I also got a peek into the new bathroom space down the hall. Inside, floor-to-ceiling stall doors separate individual toilet and shower stalls, including two fully accessible combined rooms, one on each side. The shared sink space is at the center of the room, with improved counter space and plug-ins. Instead of being separated by gender, the bathrooms in Bartlett all use this kind of hybrid communal/individual bathroom design. 

An ADA full-bathroom stall in Bartlett

Photo by Manuel A. Melendez

As Teddi Walker explained, these bathrooms are created with Universal Design in mind, a framework that aims to make space accessible for everyone without the need for special accommodations. Hopefully, anyone can use this bathroom and feel comfortable, including those with sensory needs, physical limitations, or whose gender doesn’t fit into the outdated male/female bathroom binary. 

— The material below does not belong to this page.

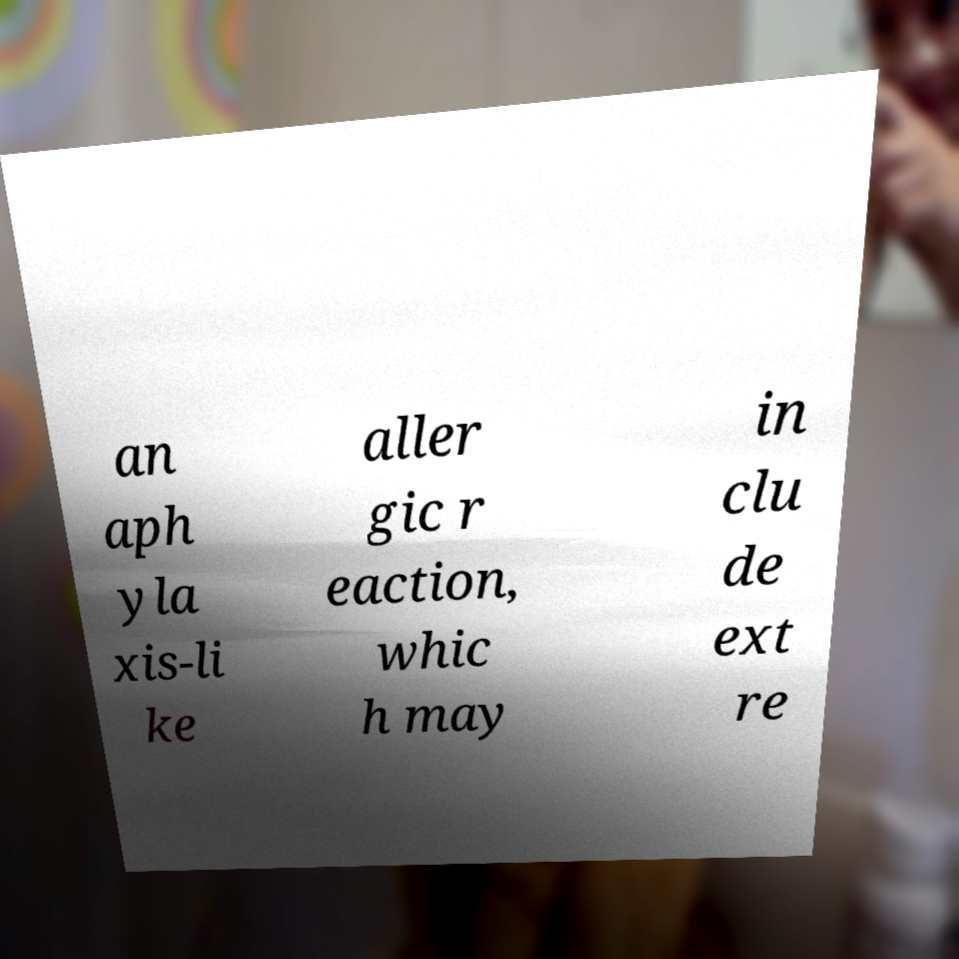What messages or text are displayed in this image? I need them in a readable, typed format. an aph yla xis-li ke aller gic r eaction, whic h may in clu de ext re

For anyone worried about safety in a shared bathroom space, Teddi assured me there’s no need to be concerned. The lack of separation probably makes the space safer than a gender-segregated bathroom because there’s less chance of isolation. “Come see it,” says Teddi to anyone uneasy about the design. “It’s essentially a series of individual private rooms.” 

This inclusive bathroom design is used on all eight floors of Bartlett, as well as in the Student Success Center. It goes to show how forward-thinking and well-planned these new spaces are. 

As a final note, thank you to Teddi Walker, Jen Tilbury, and Grayson L. for donating your time to make this tour possible.